For those of you that fly fish from your kayak, what are you favorate lenght/weight rods to use?

I'm thinking of gearing up for the "speck" run.

I used to toss flies years ago and I'm thinking about starting up again.

I'm thinking also about a nice big floppy hat to prevent acidental ear piercings.........although my son would think I'm finally "hip".  


Thx.....................John


----------



## erfisher (Feb 9, 2004)

First off, I really only use my flyrod for fishing the light line at HRBT and CBBT. You can tear em up that way, and it is FUN.
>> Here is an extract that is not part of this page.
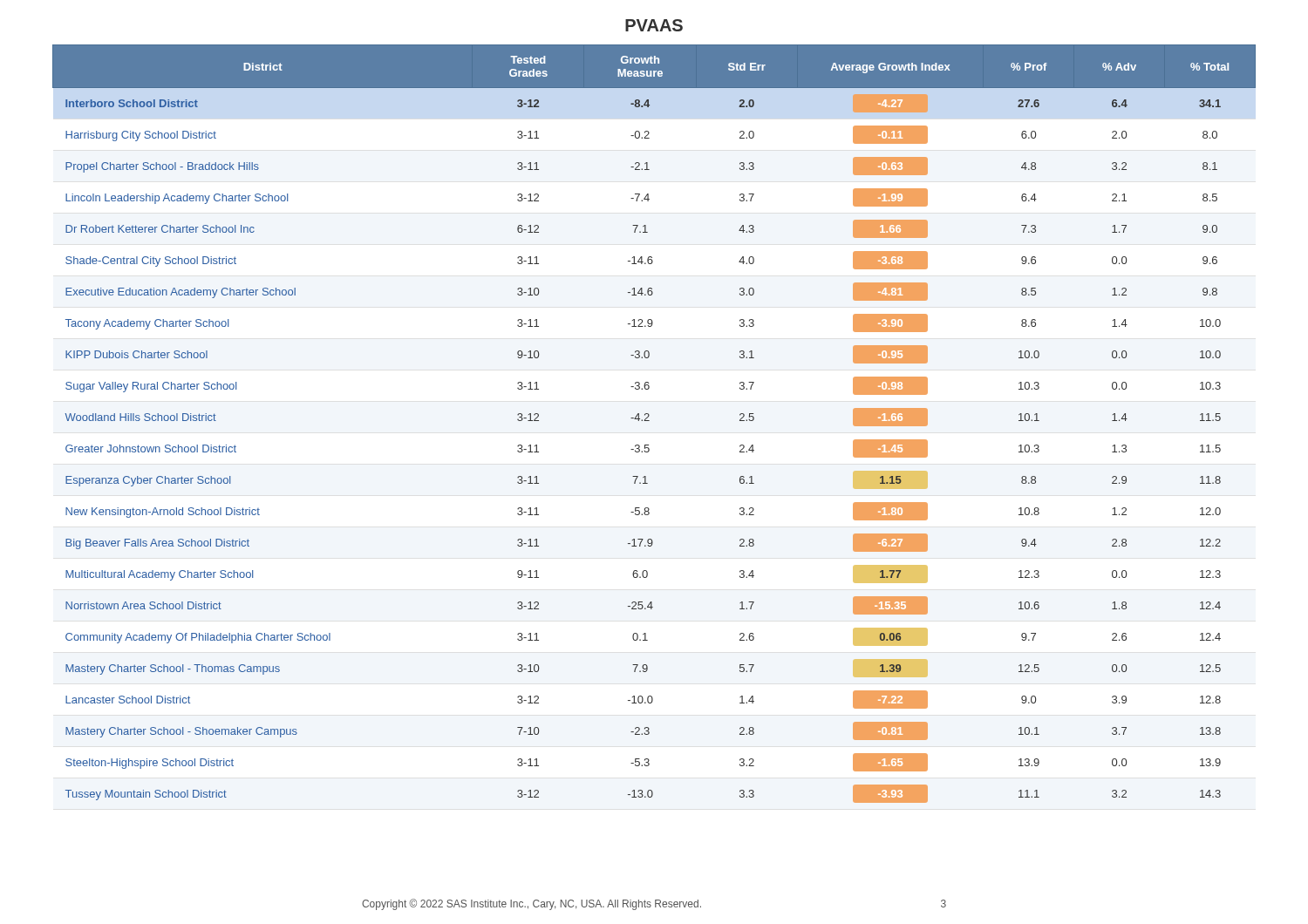Select the table that reads "Big Beaver Falls"
This screenshot has height=924, width=1308.
point(654,427)

I got a 9' 8wt in March and like it alot. If I were going to do it again I would get an 8' 6wt. because none of the fish I catch in the light line are ever over 28", and most are 16"-22". The 8wt. would handle a BIG striper,and bigger flies than I use most of the time. Go over to Bass Pro Shop and get one of the combo outfits for $70-$100. It comes with floating line which you will probably want to replace with some level of sinking line. I got a floating line with a 10' sink tip that works well. Also, consider tying your own flies from the get-go. I did and they catch plenty of fish and are alot cheaper than buying them. You also get a level of satisfaction from catching a fish on a fly you made yourself.

Good luck!


----------



## Chad (Apr 26, 2004)

9' 8WT. When the water is real cold you can use a lighter rod and the fish will be okay, but if you use a real light rod when the water is warm then you'll probably kill the fish when you release it. If you plan to fish anywhere other than the light line you'll actually need to cast and an 8wt will punch through the wind a little better especially with larger or heavier flies. I think an 8wt is the best all around rod for this area and most appliications. It'll be too much rod for some things and not enough for others but it it's a good compromise.
Chad


----------



## J_Lannon (Jul 23, 2003)

*Thx*

Thanks for the response guys. I'll start digging out my old Ryobi fly reels and match them up to what you guys said.

I still have alot of flies that I have tied back in the 70's, i'm thinking alot of my old streamers would work in SW as well. I guess i'll match them up against some of the popular SW flies used around here to start with.


----------